Fan-Out on Write
Fan-out on write means when a user posts, you immediately push that post into all their followers' feeds in the background. There's a small window where the fan-out is still in progress — but once it completes, reads are instant because the work was already done at write time.
The problem#
A user posts a photo. 500 followers need to see it in their feed. You have two choices:
- Push the post into all 500 feeds right now, at post time — reads are instant later
- Do nothing now, compute each follower's feed when they open the app — reads are slow later
Fan-out on write is option 1. You pay the cost at write time so every read is O(1).
The term "fan-out" just means spreading one thing out to many. One post fans out to 500 feed entries — like a fan spreading open from a single point.
Why async — never block the poster#
Even with 500 followers, you never do feed updates synchronously during the user's post request. Alice doesn't care whether Bob's feed is updated — she just wants her post to go live. Making her wait for 500 DB inserts is terrible.
User hits Post
→ Save post to DB: { post_id: 789, user_id: Alice }
→ Drop one message in queue: { event: "post_created", post_id: 789, user_id: Alice }
→ Return "Posted!" to Alice in ~200ms ✓
Queue holds the message.
Feed Service picks it up in the background.
One message into the queue. The fan-out happens inside the Feed Service — not in Alice's request path.
The full fan-out flow#
graph TD
A[Alice posts] --> DB[(Posts DB)]
A --> Q[Queue]
Q --> FS[Feed Service]
FS --> FL[(Followers DB)]
FL --> |500 follower IDs| FS
FS --> F1[Bob's feed]
FS --> F2[Charlie's feed]
FS --> F3[Dave's feed]
FS --> F4[...497 more] Step 1 — Feed Service picks up the message
Step 2 — Fetch Alice's followers
Step 3 — Insert into every follower's feed
500 individual inserts would be slow — one round trip per insert. Instead, batch them:
INSERT INTO feeds (user_id, post_id) VALUES
(Bob, 789), (Charlie, 789), (Dave, 789) ...
-- 50 rows per batch, 10 batches total for 500 followers
Batching 50 at a time means 10 DB round trips instead of 500. Same result, 50x fewer network calls.
Step 4 — ACK the queue
Step 5 — Bob opens Instagram
SELECT post_id FROM feeds WHERE user_id = 'Bob' ORDER BY created_at DESC LIMIT 20
→ post_id 789 is already there ← instant, pre-computed
The crash problem — and the fix#
Feed Service crashes after 250 inserts. The message never got ACKed. Visibility timeout expires, message reappears, Feed Service picks it up again and re-runs all 500 inserts. The first 250 followers get duplicate feed entries.
Fix: DB-level idempotency
Put a unique constraint on (user_id, post_id) in the feeds table. Use ON CONFLICT DO NOTHING on every insert.
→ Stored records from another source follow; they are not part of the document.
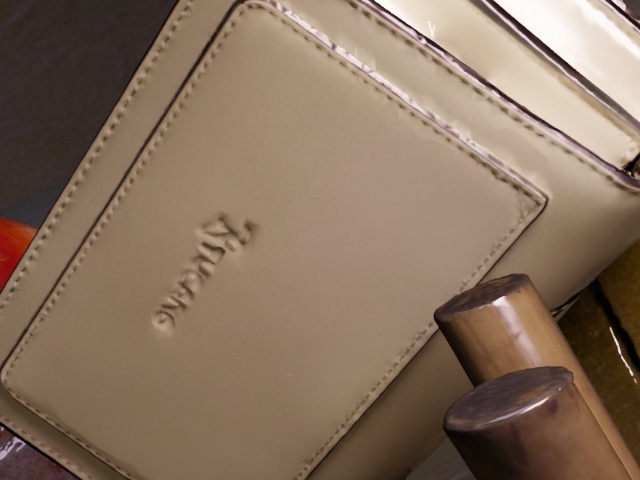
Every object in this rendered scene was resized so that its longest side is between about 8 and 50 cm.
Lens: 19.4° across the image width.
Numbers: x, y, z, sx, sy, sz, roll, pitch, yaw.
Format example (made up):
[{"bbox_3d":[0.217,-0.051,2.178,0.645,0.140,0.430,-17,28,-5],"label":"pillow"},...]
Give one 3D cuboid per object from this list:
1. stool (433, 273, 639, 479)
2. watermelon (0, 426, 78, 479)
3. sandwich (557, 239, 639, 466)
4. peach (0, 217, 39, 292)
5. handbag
[{"bbox_3d":[0.163,0.096,0.729,0.272,0.178,0.272,-20,10,4],"label":"stool"},{"bbox_3d":[-0.153,0.113,1.162,0.262,0.201,0.213,-29,5,-21],"label":"watermelon"},{"bbox_3d":[0.173,0.012,1.034,0.109,0.292,0.212,-32,-9,21],"label":"sandwich"},{"bbox_3d":[-0.273,0.086,1.404,0.243,0.243,0.199,-26,-18,-26],"label":"peach"},{"bbox_3d":[0.000,0.000,0.944,0.358,0.237,0.160,-52,-1,39],"label":"handbag"}]
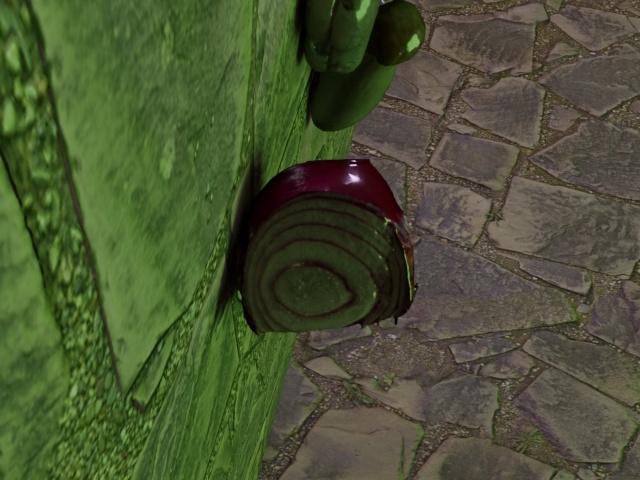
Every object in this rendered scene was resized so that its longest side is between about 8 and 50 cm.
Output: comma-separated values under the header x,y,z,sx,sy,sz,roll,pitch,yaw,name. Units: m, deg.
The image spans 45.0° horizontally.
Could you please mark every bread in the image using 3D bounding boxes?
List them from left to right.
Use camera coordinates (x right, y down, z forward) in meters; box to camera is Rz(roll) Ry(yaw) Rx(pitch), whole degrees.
x,y,z,sx,sy,sz,roll,pitch,yaw,name
0.039,-0.358,0.986,0.183,0.102,0.337,-67,173,-53,bread

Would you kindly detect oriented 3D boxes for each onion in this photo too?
x,y,z,sx,sy,sz,roll,pitch,yaw,name
-0.001,-0.002,0.982,0.207,0.216,0.206,-114,-159,-78,onion

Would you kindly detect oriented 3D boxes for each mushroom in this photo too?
x,y,z,sx,sy,sz,roll,pitch,yaw,name
0.065,-0.280,1.285,0.350,0.128,0.128,145,-38,-67,mushroom

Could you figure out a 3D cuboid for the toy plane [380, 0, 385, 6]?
x,y,z,sx,sy,sz,roll,pitch,yaw,name
0.091,-0.445,1.591,0.267,0.088,0.212,101,-19,-77,toy plane
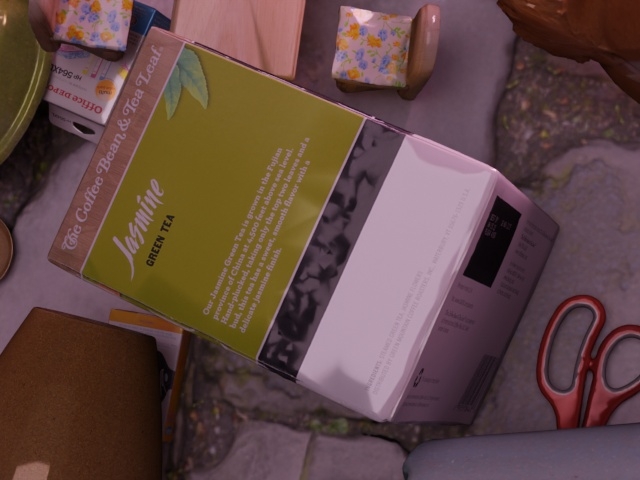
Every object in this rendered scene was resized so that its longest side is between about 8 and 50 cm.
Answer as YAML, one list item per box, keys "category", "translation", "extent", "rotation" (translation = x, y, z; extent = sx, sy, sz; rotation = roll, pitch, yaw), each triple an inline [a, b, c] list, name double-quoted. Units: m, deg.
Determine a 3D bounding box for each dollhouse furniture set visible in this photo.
- category: "dollhouse furniture set"
  translation: [-0.054, -0.351, 1.478]
  extent: [0.362, 0.256, 0.394]
  rotation: [8, 83, -3]

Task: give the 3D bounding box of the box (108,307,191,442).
- category: "box"
  translation: [-0.179, 0.140, 1.623]
  extent: [0.081, 0.028, 0.136]
  rotation: [10, 88, 17]

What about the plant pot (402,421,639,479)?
- category: "plant pot"
  translation: [0.242, 0.289, 1.339]
  extent: [0.334, 0.341, 0.341]
  rotation: [-3, 82, 21]

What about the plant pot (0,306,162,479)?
- category: "plant pot"
  translation: [-0.241, 0.197, 1.520]
  extent: [0.237, 0.237, 0.254]
  rotation: [14, 88, 17]

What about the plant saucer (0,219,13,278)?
- category: "plant saucer"
  translation: [-0.351, 0.011, 1.694]
  extent: [0.083, 0.015, 0.083]
  rotation: [-2, 82, 16]

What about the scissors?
- category: "scissors"
  translation: [0.223, 0.199, 1.507]
  extent: [0.109, 0.021, 0.297]
  rotation: [19, 91, 8]

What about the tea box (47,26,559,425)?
- category: "tea box"
  translation: [0.000, 0.000, 1.434]
  extent: [0.323, 0.329, 0.220]
  rotation: [25, 90, 18]

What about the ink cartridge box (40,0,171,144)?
- category: "ink cartridge box"
  translation: [-0.213, -0.169, 1.640]
  extent: [0.092, 0.090, 0.143]
  rotation: [23, 89, 17]

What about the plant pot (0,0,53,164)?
- category: "plant pot"
  translation: [-0.441, -0.204, 1.581]
  extent: [0.276, 0.254, 0.276]
  rotation: [-11, 70, 33]

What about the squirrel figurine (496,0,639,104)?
- category: "squirrel figurine"
  translation: [0.340, -0.309, 1.417]
  extent: [0.397, 0.281, 0.370]
  rotation: [21, 83, 15]
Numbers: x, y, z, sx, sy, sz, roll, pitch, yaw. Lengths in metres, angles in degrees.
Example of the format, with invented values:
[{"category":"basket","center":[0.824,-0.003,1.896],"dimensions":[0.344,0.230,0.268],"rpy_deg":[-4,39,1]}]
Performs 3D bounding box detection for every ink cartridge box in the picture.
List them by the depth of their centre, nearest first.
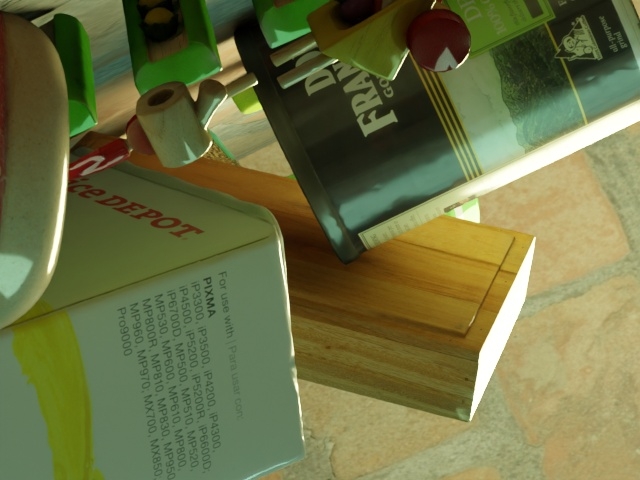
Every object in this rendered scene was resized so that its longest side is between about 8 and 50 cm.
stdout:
[{"category":"ink cartridge box","center":[-0.240,0.085,1.072],"dimensions":[0.385,0.160,0.279],"rpy_deg":[-19,-156,-31]}]

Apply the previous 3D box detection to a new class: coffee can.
[{"category":"coffee can","center":[0.098,-0.130,1.404],"dimensions":[0.275,0.201,0.201],"rpy_deg":[-26,-179,3]}]

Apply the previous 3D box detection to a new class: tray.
[{"category":"tray","center":[-0.046,0.019,1.500],"dimensions":[0.411,0.076,0.203],"rpy_deg":[13,-150,13]}]

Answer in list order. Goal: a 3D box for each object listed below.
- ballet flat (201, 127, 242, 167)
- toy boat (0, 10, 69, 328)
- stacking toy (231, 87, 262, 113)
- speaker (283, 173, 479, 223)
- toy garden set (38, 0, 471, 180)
[{"category":"ballet flat","center":[-0.277,0.044,1.831],"dimensions":[0.483,0.182,0.164],"rpy_deg":[-39,152,14]},{"category":"toy boat","center":[-0.215,-0.027,0.822],"dimensions":[0.151,0.151,0.231],"rpy_deg":[11,157,-37]},{"category":"stacking toy","center":[0.067,-0.158,1.786],"dimensions":[0.309,0.130,0.279],"rpy_deg":[-25,180,-21]},{"category":"speaker","center":[0.000,0.000,1.708],"dimensions":[0.297,0.131,0.131],"rpy_deg":[-19,178,-25]},{"category":"toy garden set","center":[-0.046,-0.109,0.873],"dimensions":[0.244,0.049,0.204],"rpy_deg":[-23,-149,4]}]
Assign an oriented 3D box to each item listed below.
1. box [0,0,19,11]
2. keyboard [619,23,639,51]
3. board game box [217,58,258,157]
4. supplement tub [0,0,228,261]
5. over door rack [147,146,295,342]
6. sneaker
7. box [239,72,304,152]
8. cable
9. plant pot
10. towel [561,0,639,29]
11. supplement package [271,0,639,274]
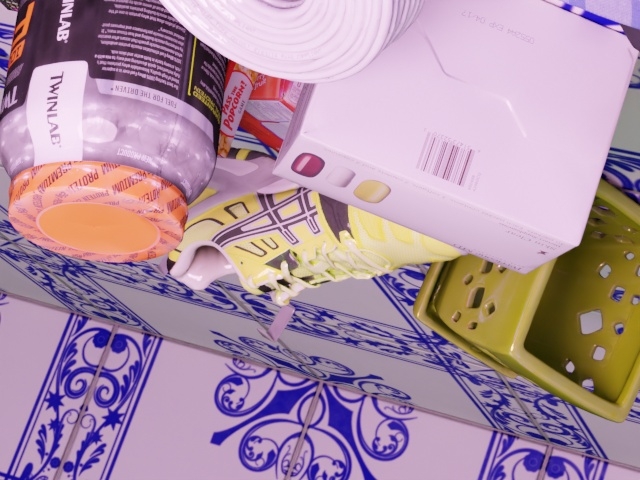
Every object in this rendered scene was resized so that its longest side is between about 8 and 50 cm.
[{"bbox_3d":[-0.296,-0.273,1.811,0.083,0.062,0.052,14,165,23],"label":"box"},{"bbox_3d":[0.292,-0.206,1.324,0.201,0.033,0.317,11,161,31],"label":"keyboard"},{"bbox_3d":[-0.123,-0.180,1.662,0.146,0.193,0.045,8,161,37],"label":"board game box"},{"bbox_3d":[-0.179,-0.153,1.527,0.193,0.316,0.193,4,155,2],"label":"supplement tub"},{"bbox_3d":[-0.155,-0.047,2.202,0.239,0.108,0.324,29,153,36],"label":"over door rack"},{"bbox_3d":[0.000,0.000,1.751,0.384,0.147,0.145,4,157,44],"label":"sneaker"},{"bbox_3d":[0.017,-0.140,1.756,0.128,0.123,0.257,6,161,44],"label":"box"},{"bbox_3d":[-0.035,-0.244,1.365,0.257,0.089,0.257,41,145,-2],"label":"cable"},{"bbox_3d":[0.250,0.050,1.961,0.227,0.228,0.207,32,169,-38],"label":"plant pot"},{"bbox_3d":[0.212,-0.229,1.254,0.209,0.034,0.285,23,167,17],"label":"towel"},{"bbox_3d":[0.119,-0.117,1.547,0.262,0.204,0.145,21,166,-6],"label":"supplement package"}]
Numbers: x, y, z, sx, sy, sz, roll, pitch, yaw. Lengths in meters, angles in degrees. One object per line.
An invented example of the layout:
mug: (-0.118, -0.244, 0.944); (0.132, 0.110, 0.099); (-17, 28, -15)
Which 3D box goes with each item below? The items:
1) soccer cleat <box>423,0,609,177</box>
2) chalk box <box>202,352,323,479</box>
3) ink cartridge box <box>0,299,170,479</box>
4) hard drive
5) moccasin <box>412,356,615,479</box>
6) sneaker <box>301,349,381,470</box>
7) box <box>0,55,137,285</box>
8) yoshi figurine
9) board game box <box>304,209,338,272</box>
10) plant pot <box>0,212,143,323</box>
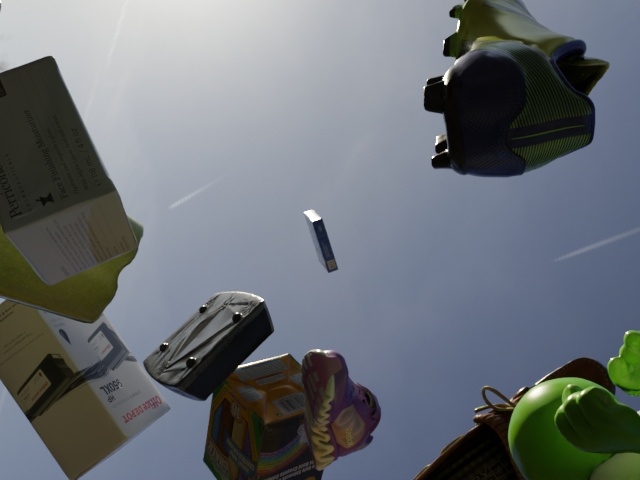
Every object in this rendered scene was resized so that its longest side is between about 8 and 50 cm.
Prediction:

Now redelivery is completely harmless:
First delivery → inserts rows 1–250 → crashes
Second delivery → tries all 500 again
→ rows 1–250 already exist → skipped silently
→ rows 251–500 inserted fresh
→ done correctly, zero duplicates
DB-level idempotency via unique constraint is the most reliable approach — enforced at the storage layer, not in application code. An application-level "check then insert" has a race condition window between the check and the insert. The DB constraint has no such gap.
Interview framing: "For normal users I'd use fan-out on write — drop a post_created event into a queue, the Feed Service fetches the follower list and writes to each follower's feed in batched inserts asynchronously. Inserts are idempotent via a unique constraint on (user_id, post_id) so retries are safe. Reads are O(1) — the feed is pre-computed. Fan-out on write breaks down for celebrities — that's where fan-out on read comes in."